We utilized collimated transmittance and integrating sphere measurements to estimate the scattering coefficients of bovine articular cartilage zones and bulk tissue. We used the relationship between the scattering coefficients to estimate the scattering anisotropy factor. Polarized light microscopy was applied to estimate the depth-wise angular distribution of collagen fibers in bovine articular cartilage.
We report that the Rayleigh scatterers contribution to the scattering coefficients, the intensity of the light scattered by the Rayleigh and Mie scatterers, and the angular distribution of collagen fibers across tissue depth are the key parameters that affect the scattering properties of articular cartilage zones and bulk tissue. Our results indicate that in the short visible region, the superficial and middle zones of articular cartilage affect the scattering properties of the tissue, whereas in the far visible and near-infrared regions, the articular cartilage deep zone determines articular cartilage scattering properties.
This study provides scattering properties of articular cartilage zones. Such findings support future research to utilize optical simulation to estimate the penetration depth, depth-origin, and pathlength of light in articular cartilage for optical diagnosis of the tissue.
This study hypothesizes that the structural properties of articular cartilage zones affect its scattering parameters. We provide scattering coefficient and scattering anisotropy factor of articular cartilage zones in the spectral band of 400 to 1400 nm. We enumerate the differences and similarities of the scattering properties of articular cartilage zones and provide reasoning for these observations.

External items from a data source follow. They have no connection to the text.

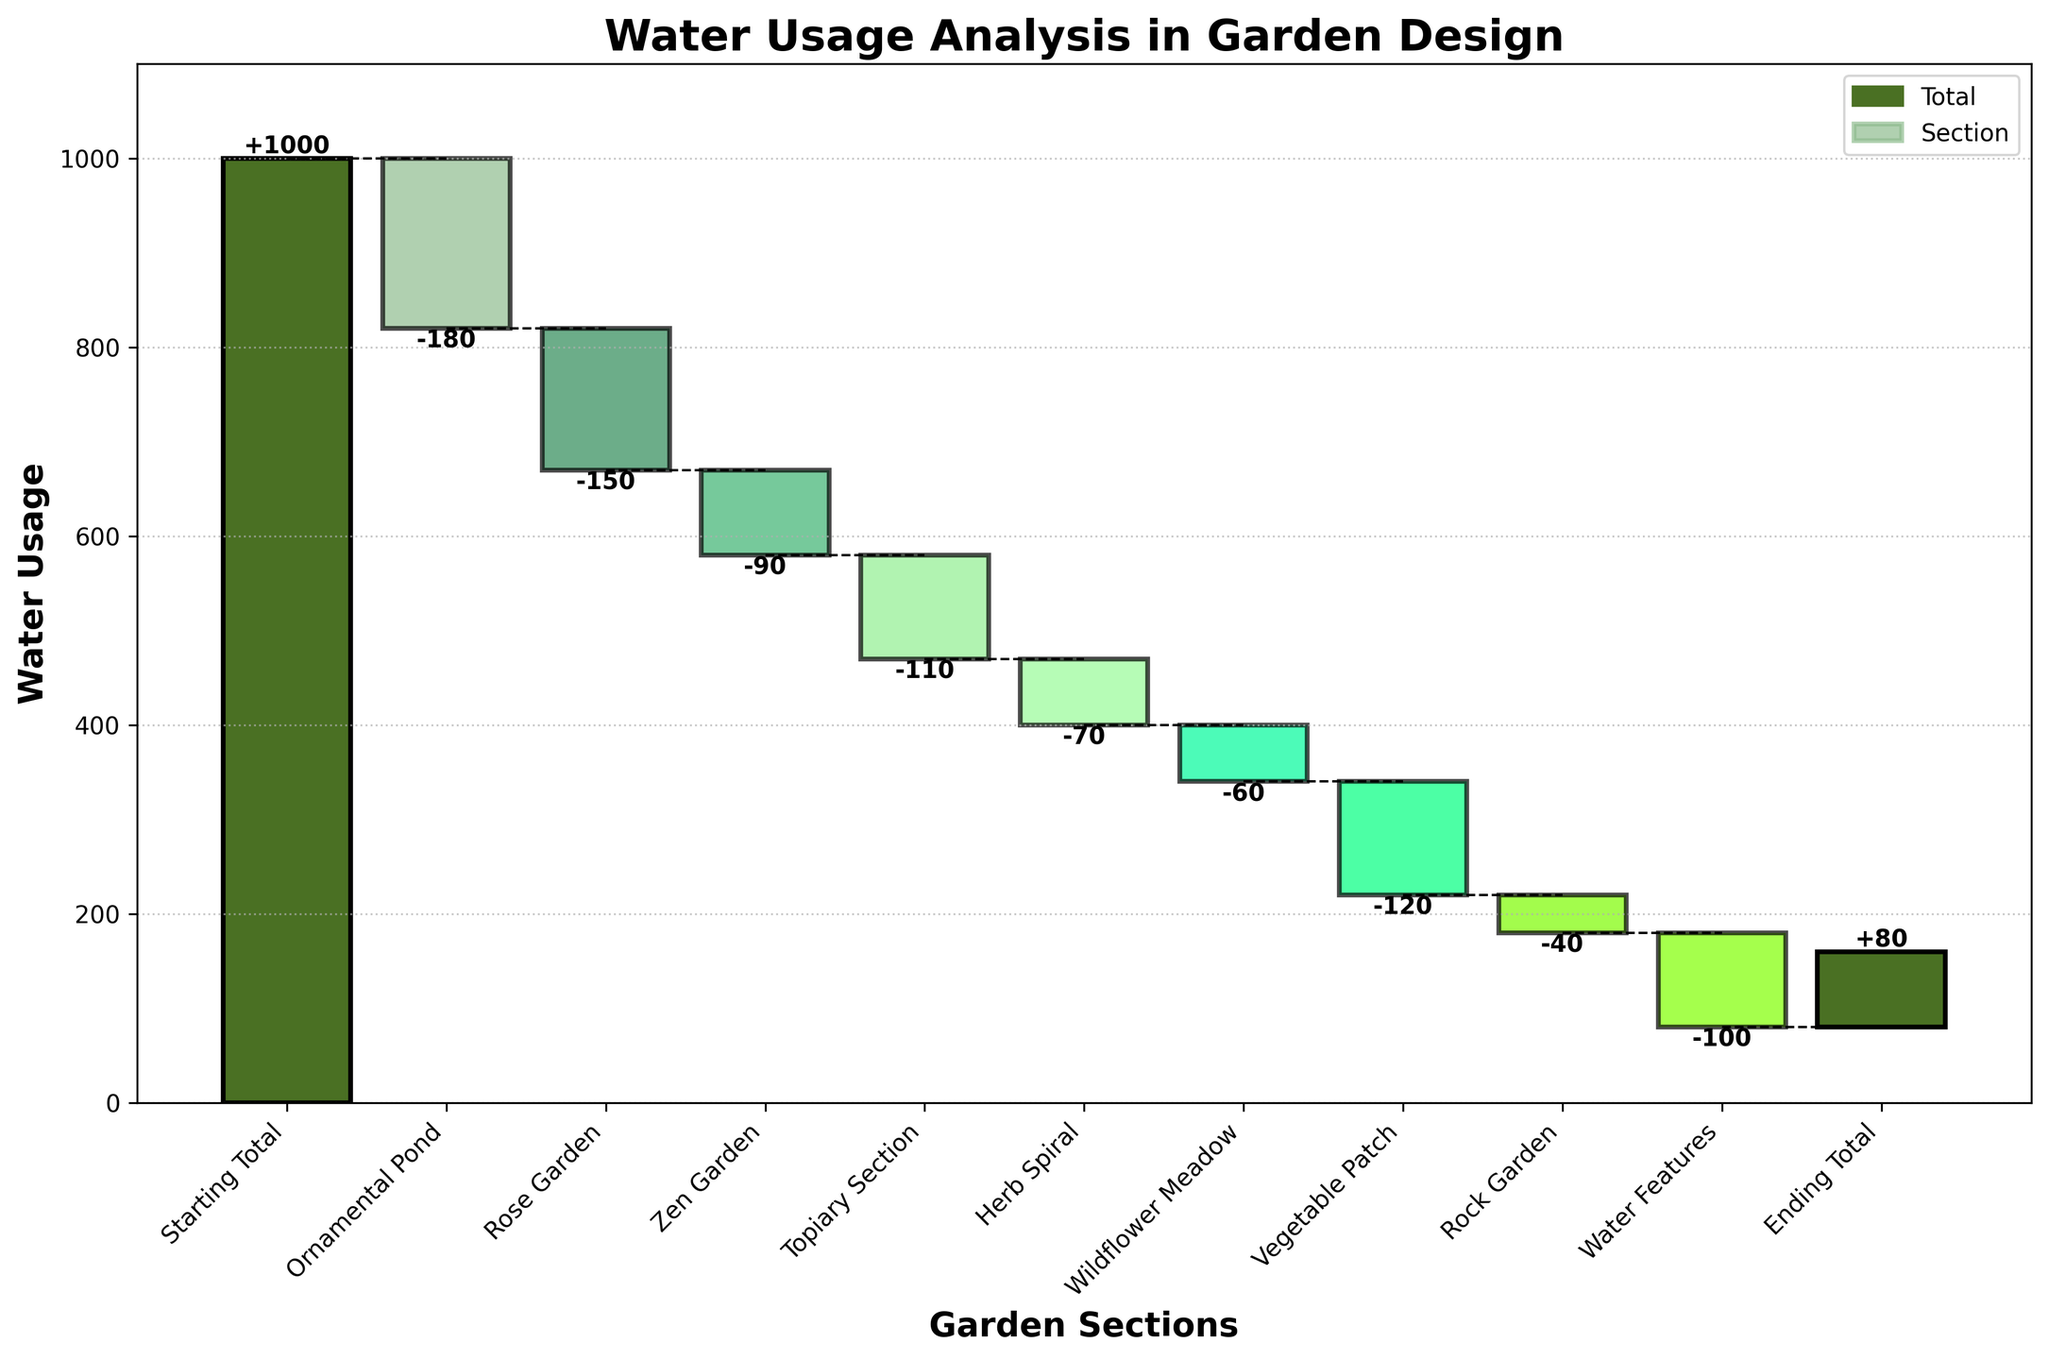How many garden sections are analyzed in the figure? Count the number of garden sections listed on the x-axis, excluding the starting and ending totals. There are 8 sections: Ornamental Pond, Rose Garden, Zen Garden, Topiary Section, Herb Spiral, Wildflower Meadow, Vegetable Patch, and Rock Garden.
Answer: 8 Which section has the highest water usage? Identify the section with the smallest negative value, indicating the least water reduction. The Rock Garden has the smallest negative value of -40.
Answer: Rock Garden What is the sum of water usage for the Ornamental Pond and Rose Garden? Add the negative values of the Ornamental Pond and Rose Garden: -180 + -150 = -330.
Answer: -330 How does the water usage in the Zen Garden compare to the Herb Spiral? Compare the values: Zen Garden uses -90 units of water, while Herb Spiral uses -70 units. The Herb Spiral uses less water than the Zen Garden.
Answer: Herb Spiral uses less What is the cumulative water usage before reaching the Vegetable Patch? Cumulatively add values step by step from the starting total to the Vegetable Patch: 1000 (Starting Total) - 180 (Ornamental Pond) - 150 (Rose Garden) - 90 (Zen Garden) - 110 (Topiary Section) - 70 (Herb Spiral) - 60 (Wildflower Meadow) = 340.
Answer: 340 How much total water is saved after accounting for usage in all the sections? The ending total represents the amount of water remaining after all sections' usage is accounted for. The ending total is 80 units of water.
Answer: 80 What is the range of water usage values among the sections? Find the difference between the largest and smallest values. The largest negative value is -180 (Ornamental Pond), and the smallest negative value is -40 (Rock Garden). The range is -40 - (-180) = 140.
Answer: 140 Which section reduced water usage more than the Vegetable Patch but less than the Ornamental Pond? Compare the values: Ornamental Pond (-180), Vegetable Patch (-120). The sections that fit this criteria with values between -180 and -120 are Topiary Section (-110), Zen Garden (-90), Herb Spiral (-70), Wildflower Meadow (-60), and Rock Garden (-40).
Answer: Topiary Section, Zen Garden, Herb Spiral, Wildflower Meadow, Rock Garden How many sections have a water usage value greater than -100? Count the number of sections with values greater than -100: Zen Garden (-90), Herb Spiral (-70), Wildflower Meadow (-60), Rock Garden (-40). There are 4 sections.
Answer: 4 Is the total usage in the Topiary Section more or less than the combined usage of the Rock Garden and Water Features? Compare the values directly: Topiary Section (-110), Rock Garden (-40), and Water Features (-100). Sum of Rock Garden and Water Features is -40 + -100 = -140, which is less than -110.
Answer: Less

We utilized collimated transmittance and integrating sphere measurements to estimate the scattering coefficients of bovine articular cartilage zones and bulk tissue. We used the relationship between the scattering coefficients to estimate the scattering anisotropy factor. Polarized light microscopy was applied to estimate the depth-wise angular distribution of collagen fibers in bovine articular cartilage.
We report that the Rayleigh scatterers contribution to the scattering coefficients, the intensity of the light scattered by the Rayleigh and Mie scatterers, and the angular distribution of collagen fibers across tissue depth are the key parameters that affect the scattering properties of articular cartilage zones and bulk tissue. Our results indicate that in the short visible region, the superficial and middle zones of articular cartilage affect the scattering properties of the tissue, whereas in the far visible and near-infrared regions, the articular cartilage deep zone determines articular cartilage scattering properties.
This study provides scattering properties of articular cartilage zones. Such findings support future research to utilize optical simulation to estimate the penetration depth, depth-origin, and pathlength of light in articular cartilage for optical diagnosis of the tissue.
摘要:
■关节软骨表现出带状结构,包括三个不同的区域:表面,中间,和深。胶原纤维,是关节软骨的主要固体成分,在关节软骨区表现出独特的角度和大小分布。关于跨关节软骨区的胶原纤维的独特性质如何影响组织的散射性质的知识存在差距。
■这项研究假设关节软骨区的结构特性会影响其散射参数。我们提供了400至1400nm光谱带中关节软骨区的散射系数和散射各向异性因子。我们列举了关节软骨区散射特性的差异和相似性,并为这些观察结果提供了推理。
■我们利用准直透射率和积分球测量来估计牛关节软骨区和块状组织的散射系数。我们使用散射系数之间的关系来估计散射各向异性因子。应用偏振光显微镜评估牛关节软骨中胶原纤维的深度角度分布。
■我们报告说,瑞利散射体对散射系数的贡献,由Rayleigh和Mie散射体散射的光的强度,胶原纤维在组织深度上的角度分布是影响关节软骨区和块状组织散射特性的关键参数。我们的结果表明,在短可见区域,关节软骨的浅表和中间区影响组织的散射特性,而在远视和近红外区域,关节软骨深部区决定了关节软骨的散射特性。
■本研究提供了关节软骨区的散射特性。这些发现支持未来的研究利用光学模拟来估计穿透深度,深度起源,和关节软骨中的光程长度,用于组织的光学诊断。
■这项研究假设关节软骨区的结构特性会影响其散射参数。我们提供了400至1400nm光谱带中关节软骨区的散射系数和散射各向异性因子。我们列举了关节软骨区散射特性的差异和相似性,并为这些观察结果提供了推理。
■我们利用准直透射率和积分球测量来估计牛关节软骨区和块状组织的散射系数。我们使用散射系数之间的关系来估计散射各向异性因子。应用偏振光显微镜评估牛关节软骨中胶原纤维的深度角度分布。
■我们报告说,瑞利散射体对散射系数的贡献,由Rayleigh和Mie散射体散射的光的强度,胶原纤维在组织深度上的角度分布是影响关节软骨区和块状组织散射特性的关键参数。我们的结果表明,在短可见区域,关节软骨的浅表和中间区影响组织的散射特性,而在远视和近红外区域,关节软骨深部区决定了关节软骨的散射特性。
■本研究提供了关节软骨区的散射特性。这些发现支持未来的研究利用光学模拟来估计穿透深度,深度起源,和关节软骨中的光程长度,用于组织的光学诊断。